It's, we were saying right before the podcast got started, it's always a weird thing when people sit down. It's like you don't want to talk too much because there's so much to say on the air. You don't want to get it out before you get to air. But I was saying it's appropriate having you on today because we're just now going to war with Syria, right? And we were just talking about how bizarre this ISIS thing is and how it's just american people know we don't want to go to war with Syria. It was this big thing, and Obama was on television, everybody just openly rejected it left and right. It was pretty much the american public was like, we're done with war. We want to get out of Afghanistan. We don't want this Iraq thing anymore. We don't want to go to Syria. And so everything just sort of calmed down. And then all of a sudden, ISIS rose up from the ashes. And this ISIS thing with different names. ISIS, I've seen it. ISIL.
Right.
Yeah. And I was saying, I don't like to get conspiracy oriented because it's so easy to do, but if you wanted to, you would say, well, this is obviously, they've come up with a mechanism to get us into Syria.
Yeah, sure.
I mean, so there's two kinds of conspiracies. There's an opened conspiracy and then there's a closed conspiracy.
Right.
So I think this is sort of an open conspiracy. A lot of people are saying both left and right, by the way, that ISIS was really a creation of american foreign policy. Not that there were a bunch of dudes sitting in a room in the White House with cigars and saying, hey, we need to create this monster in order to sort of impose american will abroad, but that through many, many conscious decisions over many years in the Middle east, through direct interventions militarily and otherwise, they created the conditions for this bunch of psychopathic 20 year olds with rpgs and swords beheading people.
Right?
So creating a vacuum in Iraq, right, by going to war there, by removing the dictator who was at least holding control over the people and over people like this, funding the rebels in Syria. And also, more importantly, a lot of people miss this. One of the things that's been happening, if you look at it just from a material standpoint over the last twelve years at least, is that the United States has been flooding that area with weapons.
Right? So.
And if you look at there was a great piece, I think it was in the Guardian a few weeks ago. ISIS is using american made weapons, right, that have been coming into that region, mostly into Iraq but elsewhere for just. It creates this. It creates this situation where sort of a self fulfilling prophecy, sort of an open conspiracy. Because you could certainly say that american foreign policymakers and all of them really, and that's Bush and that's Obama and that's all of them really want to have an american presence, a military strong, a military presence around the world and in particular in the Middle east where all the oil not. I'm not saying it was deliberate that they, it wasn't a deliberate choice to create this beast that's called ISIS, but it certainly serves their purposes.

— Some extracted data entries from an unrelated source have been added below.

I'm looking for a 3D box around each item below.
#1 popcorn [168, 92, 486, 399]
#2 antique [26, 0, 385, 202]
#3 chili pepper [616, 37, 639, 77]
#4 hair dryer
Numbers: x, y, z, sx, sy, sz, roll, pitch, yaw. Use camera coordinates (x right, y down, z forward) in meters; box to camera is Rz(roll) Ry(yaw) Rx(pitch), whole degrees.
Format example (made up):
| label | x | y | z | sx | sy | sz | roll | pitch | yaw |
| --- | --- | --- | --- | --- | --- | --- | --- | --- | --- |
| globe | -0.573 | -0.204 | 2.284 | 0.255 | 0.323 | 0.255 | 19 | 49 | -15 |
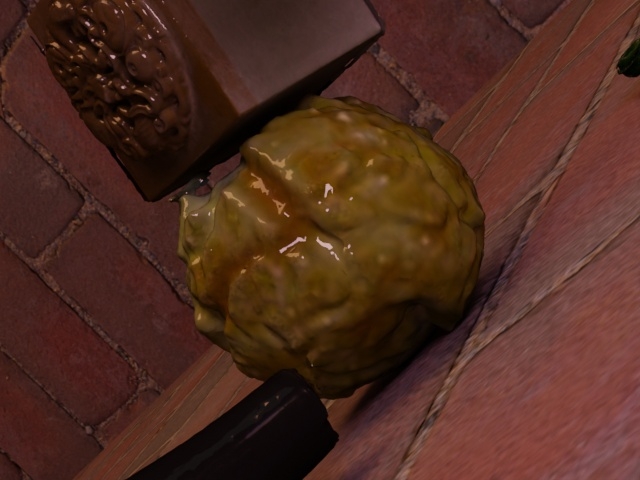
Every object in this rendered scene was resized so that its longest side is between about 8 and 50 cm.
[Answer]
| label | x | y | z | sx | sy | sz | roll | pitch | yaw |
| --- | --- | --- | --- | --- | --- | --- | --- | --- | --- |
| popcorn | 0.000 | 0.000 | 0.945 | 0.198 | 0.198 | 0.212 | -45 | 21 | 11 |
| antique | -0.078 | -0.125 | 0.932 | 0.148 | 0.147 | 0.152 | -36 | 0 | -34 |
| chili pepper | 0.224 | -0.125 | 1.041 | 0.055 | 0.035 | 0.118 | -32 | -3 | 15 |
| hair dryer | -0.070 | 0.177 | 0.647 | 0.303 | 0.120 | 0.359 | -37 | 11 | -16 |
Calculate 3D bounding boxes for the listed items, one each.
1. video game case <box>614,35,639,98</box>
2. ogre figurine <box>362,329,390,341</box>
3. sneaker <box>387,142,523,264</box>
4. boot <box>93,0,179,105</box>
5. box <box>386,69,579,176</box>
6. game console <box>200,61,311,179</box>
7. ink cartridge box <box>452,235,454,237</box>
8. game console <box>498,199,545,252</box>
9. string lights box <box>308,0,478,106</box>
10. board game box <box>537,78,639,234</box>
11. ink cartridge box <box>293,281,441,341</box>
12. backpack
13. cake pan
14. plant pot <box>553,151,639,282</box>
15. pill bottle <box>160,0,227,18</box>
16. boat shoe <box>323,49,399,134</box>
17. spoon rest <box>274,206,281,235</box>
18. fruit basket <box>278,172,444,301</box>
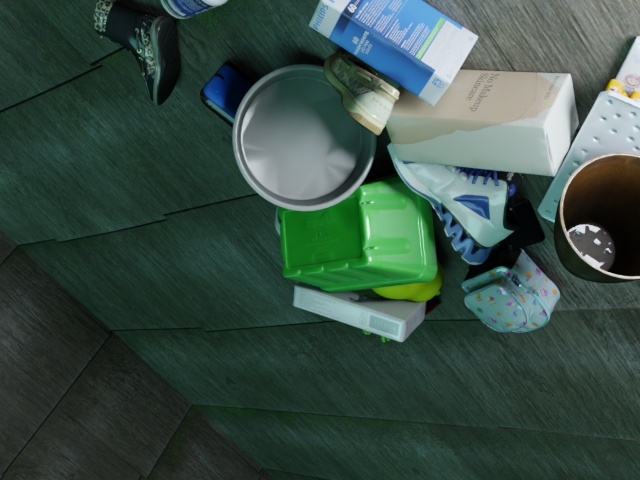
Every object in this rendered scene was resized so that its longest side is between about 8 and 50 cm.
[{"bbox_3d":[0.555,-0.244,1.424,0.157,0.019,0.143,26,149,12],"label":"video game case"},{"bbox_3d":[0.140,0.210,2.392,0.197,0.097,0.118,39,171,19],"label":"ogre figurine"},{"bbox_3d":[0.294,-0.121,1.757,0.182,0.127,0.315,-34,98,33],"label":"sneaker"},{"bbox_3d":[-0.410,-0.428,1.977,0.178,0.085,0.236,27,143,13],"label":"boot"},{"bbox_3d":[0.286,-0.217,1.587,0.311,0.148,0.121,8,142,32],"label":"box"},{"bbox_3d":[-0.149,-0.230,1.949,0.293,0.250,0.173,38,123,-10],"label":"game console"},{"bbox_3d":[0.313,-0.033,1.938,0.048,0.028,0.083,38,149,-9],"label":"ink cartridge box"},{"bbox_3d":[0.399,-0.042,1.866,0.122,0.071,0.107,57,171,-35],"label":"game console"},{"bbox_3d":[0.127,-0.362,1.530,0.259,0.133,0.077,33,148,0],"label":"string lights box"},{"bbox_3d":[0.618,-0.079,1.555,0.390,0.050,0.390,26,153,10],"label":"board game box"},{"bbox_3d":[0.122,0.133,2.189,0.296,0.261,0.066,17,116,24],"label":"ink cartridge box"},{"bbox_3d":[0.423,0.121,1.954,0.188,0.144,0.166,37,144,-14],"label":"backpack"},{"bbox_3d":[-0.033,-0.207,1.792,0.293,0.293,0.054,38,179,-10],"label":"cake pan"},{"bbox_3d":[0.496,-0.013,1.546,0.215,0.215,0.230,28,167,8],"label":"plant pot"},{"bbox_3d":[-0.227,-0.491,1.706,0.169,0.094,0.094,-5,134,46],"label":"pill bottle"},{"bbox_3d":[0.081,-0.289,1.620,0.104,0.285,0.089,28,112,-29],"label":"boat shoe"},{"bbox_3d":[0.000,0.000,2.219,0.276,0.084,0.137,27,149,10],"label":"spoon rest"},{"bbox_3d":[0.137,0.004,2.005,0.392,0.283,0.392,-5,175,0],"label":"fruit basket"}]
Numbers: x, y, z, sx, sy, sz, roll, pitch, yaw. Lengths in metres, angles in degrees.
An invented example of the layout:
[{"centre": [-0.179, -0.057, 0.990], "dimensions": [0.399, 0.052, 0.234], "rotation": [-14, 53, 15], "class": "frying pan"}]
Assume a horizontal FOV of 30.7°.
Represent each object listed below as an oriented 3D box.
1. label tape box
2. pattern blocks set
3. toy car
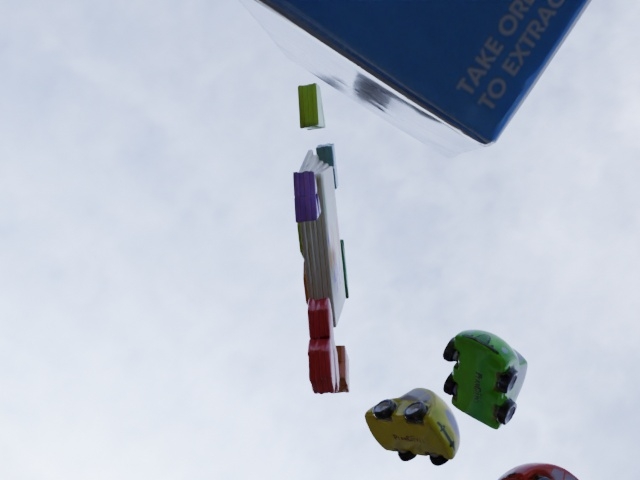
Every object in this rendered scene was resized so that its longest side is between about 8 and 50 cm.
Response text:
[{"centre": [0.083, -0.160, 0.424], "dimensions": [0.115, 0.348, 0.249], "rotation": [33, -86, -1], "class": "label tape box"}, {"centre": [0.000, 0.000, 1.068], "dimensions": [0.026, 0.325, 0.286], "rotation": [-5, -92, 5], "class": "pattern blocks set"}, {"centre": [0.144, 0.149, 0.997], "dimensions": [0.239, 0.053, 0.225], "rotation": [27, -37, 27], "class": "toy car"}]
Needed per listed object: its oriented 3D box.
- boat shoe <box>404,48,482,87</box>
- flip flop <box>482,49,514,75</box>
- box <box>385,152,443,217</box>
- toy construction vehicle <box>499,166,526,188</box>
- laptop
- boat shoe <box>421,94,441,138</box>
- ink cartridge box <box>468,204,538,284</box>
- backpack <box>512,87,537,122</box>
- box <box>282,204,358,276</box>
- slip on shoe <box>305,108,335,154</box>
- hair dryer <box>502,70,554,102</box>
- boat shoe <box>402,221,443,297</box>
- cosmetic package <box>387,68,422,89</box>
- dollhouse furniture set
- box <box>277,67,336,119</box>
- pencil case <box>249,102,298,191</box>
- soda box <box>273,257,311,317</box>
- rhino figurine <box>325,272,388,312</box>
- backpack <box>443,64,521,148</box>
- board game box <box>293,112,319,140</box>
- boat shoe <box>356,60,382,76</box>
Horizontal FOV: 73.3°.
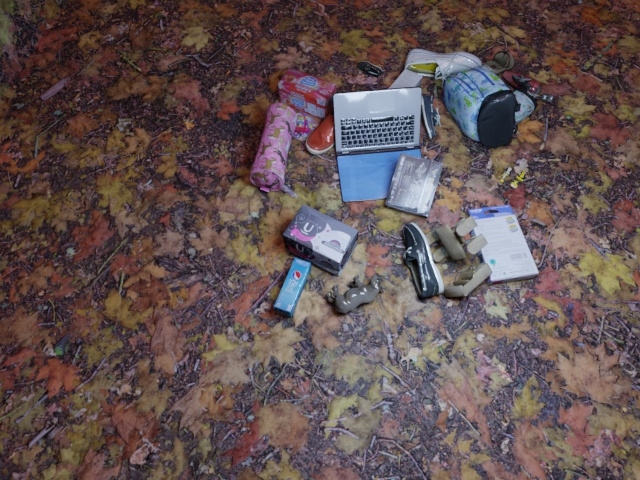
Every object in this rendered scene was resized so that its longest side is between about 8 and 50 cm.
[{"bbox_3d":[0.585,-0.827,2.084,0.366,0.136,0.157,15,63,11],"label":"boat shoe"},{"bbox_3d":[0.882,-0.885,2.113,0.112,0.080,0.277,39,50,20],"label":"flip flop"},{"bbox_3d":[0.384,-0.227,1.775,0.182,0.056,0.231,16,88,9],"label":"box"},{"bbox_3d":[0.824,-0.269,1.850,0.085,0.035,0.098,33,70,5],"label":"toy construction vehicle"},{"bbox_3d":[0.261,-0.410,1.827,0.381,0.408,0.236,-5,29,-2],"label":"laptop"},{"bbox_3d":[0.507,-0.573,1.981,0.079,0.095,0.255,-8,53,10],"label":"boat shoe"},{"bbox_3d":[0.702,0.012,1.688,0.185,0.065,0.311,-8,65,-3],"label":"ink cartridge box"},{"bbox_3d":[0.886,-0.606,1.974,0.182,0.115,0.152,-40,71,-15],"label":"backpack"},{"bbox_3d":[0.000,0.000,1.664,0.247,0.142,0.163,26,66,14],"label":"box"},{"bbox_3d":[0.049,-0.519,1.955,0.123,0.101,0.331,37,71,15],"label":"slip on shoe"},{"bbox_3d":[0.947,-0.747,2.005,0.223,0.080,0.294,27,20,-21],"label":"hair dryer"},{"bbox_3d":[0.368,0.071,1.636,0.091,0.114,0.303,-14,62,-12],"label":"boat shoe"},{"bbox_3d":[0.388,-0.719,2.073,0.098,0.060,0.239,33,68,14],"label":"cosmetic package"},{"bbox_3d":[0.489,0.063,1.579,0.161,0.212,0.242,-33,94,-23],"label":"dollhouse furniture set"},{"bbox_3d":[-0.061,-0.692,2.031,0.256,0.128,0.123,24,66,14],"label":"box"},{"bbox_3d":[-0.201,-0.404,1.863,0.159,0.167,0.387,-5,60,25],"label":"pencil case"},{"bbox_3d":[-0.102,0.176,1.615,0.067,0.071,0.210,19,65,10],"label":"soda box"},{"bbox_3d":[0.147,0.190,1.603,0.243,0.073,0.106,-23,61,-12],"label":"rhino figurine"},{"bbox_3d":[0.697,-0.613,1.900,0.273,0.290,0.356,-8,55,13],"label":"backpack"},{"bbox_3d":[-0.090,-0.544,2.010,0.133,0.033,0.168,-40,69,-17],"label":"board game box"},{"bbox_3d":[0.241,-0.859,2.156,0.132,0.049,0.042,23,57,8],"label":"boat shoe"}]
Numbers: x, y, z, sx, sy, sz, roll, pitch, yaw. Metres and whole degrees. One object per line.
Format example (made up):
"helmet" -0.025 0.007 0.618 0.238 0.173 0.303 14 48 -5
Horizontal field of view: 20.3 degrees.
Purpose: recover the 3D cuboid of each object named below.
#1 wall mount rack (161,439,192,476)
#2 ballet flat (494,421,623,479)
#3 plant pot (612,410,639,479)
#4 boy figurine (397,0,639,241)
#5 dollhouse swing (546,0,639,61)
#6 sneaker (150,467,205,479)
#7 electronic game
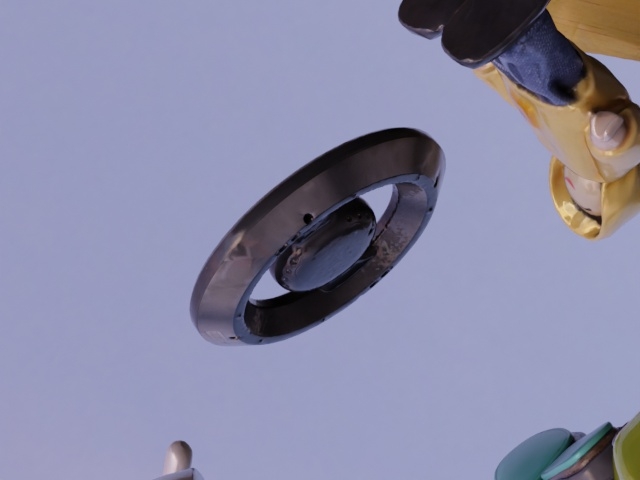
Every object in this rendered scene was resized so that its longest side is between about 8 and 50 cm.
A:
"wall mount rack" -0.026 0.309 1.227 0.350 0.130 0.304 34 161 37
"ballet flat" 0.161 0.156 1.111 0.074 0.203 0.074 2 -100 -9
"plant pot" 0.281 0.140 0.919 0.207 0.228 0.227 37 -107 28
"boy figurine" 0.159 -0.099 1.256 0.177 0.092 0.285 40 176 40
"dollhouse swing" 0.238 -0.373 1.447 0.315 0.305 0.347 13 -139 21
"sneaker" -0.056 0.215 0.697 0.126 0.127 0.321 -114 3 -48
"electronic game" 0.000 0.000 1.341 0.229 0.229 0.048 -11 -125 -49
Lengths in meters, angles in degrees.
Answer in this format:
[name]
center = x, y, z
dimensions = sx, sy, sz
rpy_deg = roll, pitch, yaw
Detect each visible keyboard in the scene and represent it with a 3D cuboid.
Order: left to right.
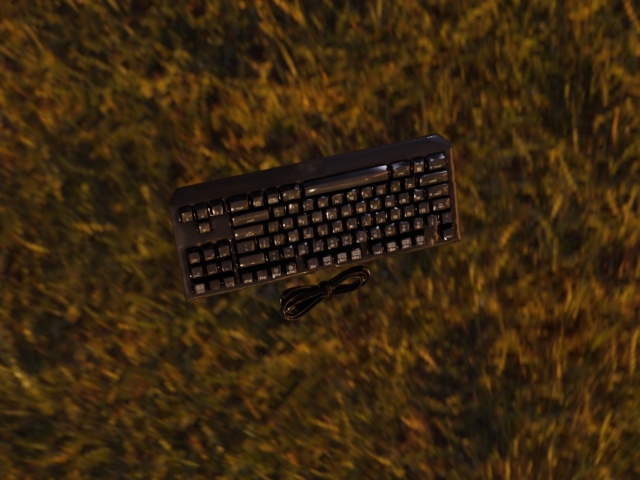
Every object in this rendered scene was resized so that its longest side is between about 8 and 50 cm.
[keyboard]
center = 0.000, 0.000, 1.105
dimensions = 0.180, 0.023, 0.108
rpy_deg = -12, 122, -8
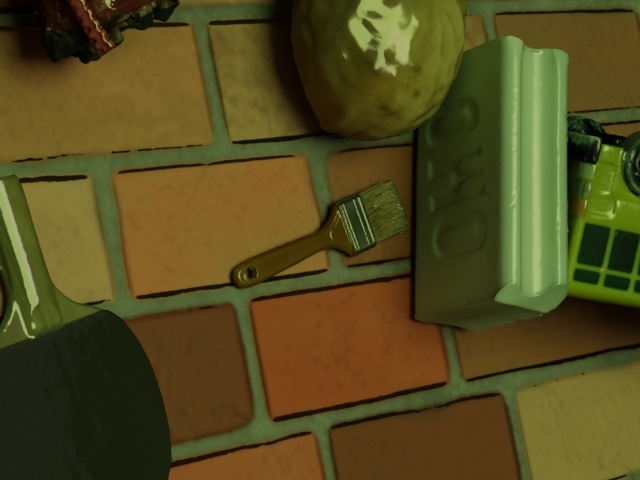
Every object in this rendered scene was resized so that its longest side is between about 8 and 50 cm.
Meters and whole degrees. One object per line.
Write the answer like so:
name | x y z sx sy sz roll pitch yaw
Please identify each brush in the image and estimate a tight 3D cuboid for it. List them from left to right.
brush | 0.000 0.000 1.359 0.170 0.014 0.043 -25 98 -38

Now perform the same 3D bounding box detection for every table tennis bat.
table tennis bat | -0.171 0.079 1.199 0.138 0.022 0.246 -21 95 -39

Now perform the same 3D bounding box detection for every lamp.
lamp | -0.183 -0.240 1.205 0.118 0.118 0.253 -34 98 -38

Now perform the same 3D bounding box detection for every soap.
soap | 0.126 -0.040 1.397 0.066 0.119 0.198 10 74 -31

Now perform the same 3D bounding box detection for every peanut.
peanut | 0.041 -0.149 1.365 0.140 0.109 0.159 27 76 -20

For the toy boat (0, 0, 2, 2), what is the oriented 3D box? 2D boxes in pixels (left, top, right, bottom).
toy boat | -0.364 -0.197 1.054 0.392 0.136 0.079 18 101 -35

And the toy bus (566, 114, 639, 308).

And it seems like if you look at the entire situation in the Middle east, it seems like there's no good way to just get out of there. It seems like. Is there? I mean, please tell. Mean there's a way.
Mean. So I'm an out now guy.
Okay.
Yeah.
I mean, I think that was the answer in Vietnam, right? That's what the anti Vietnam war called for many, many years was out now, not a gradual withdrawal, which is what the politicians called for because that's the, quote, responsible thing to do, but out now. And I think history proves that was the correct answer to that, right? I think that if the United States had left immediately in 1964, 65, name a year, name a time, it would have been a better thing for everyone. Now, communism would have, the communists would have taken control of Vietnam, but they did anyway, right? And so what we had was instead of about 2 million people, mostly civilians, die, right? We would have had far fewer. We would have had the same outcome essentially, with far fewer. And then also, and we got to talk about blowback, right? So the carpet bombing of not just Vietnam, but several countries during that war caused untold numbers of people to hate our fucking guts, right? America's guts. And that's blowback, right? They didn't come and fly airplanes into our buildings, but it was anti american in many ways. And it also served, and here's a very important thing. It served the interests of the goddamn communists, right? Because the communists could say, look at these barbarians coming here and killing our children and women, right? You should support us. We will protect you from them. So it actually played into the hands of the communists. And the very same thing is happening and has been happening in the Middle east for many, many years. David Petraeus, of all people, said before the Senate about three years ago, he said, us funding of Israel, in particular, us funding of all these corrupt regimes in the Middle east and our interventions is the number one recruiting tool for al Qaeda.
Right?
And it's the number one recruiting tool for ISIS. They say, look, here's these infidels who have been invading us and killing our people and taking control of our resources for decades, right? We will fight back for you.
Right?
And so it becomes a self fulfilling prophecy. If you want to maintain a presence there, which they do, the United States does. You keep creating your own enemies to fight against. It's perpetual.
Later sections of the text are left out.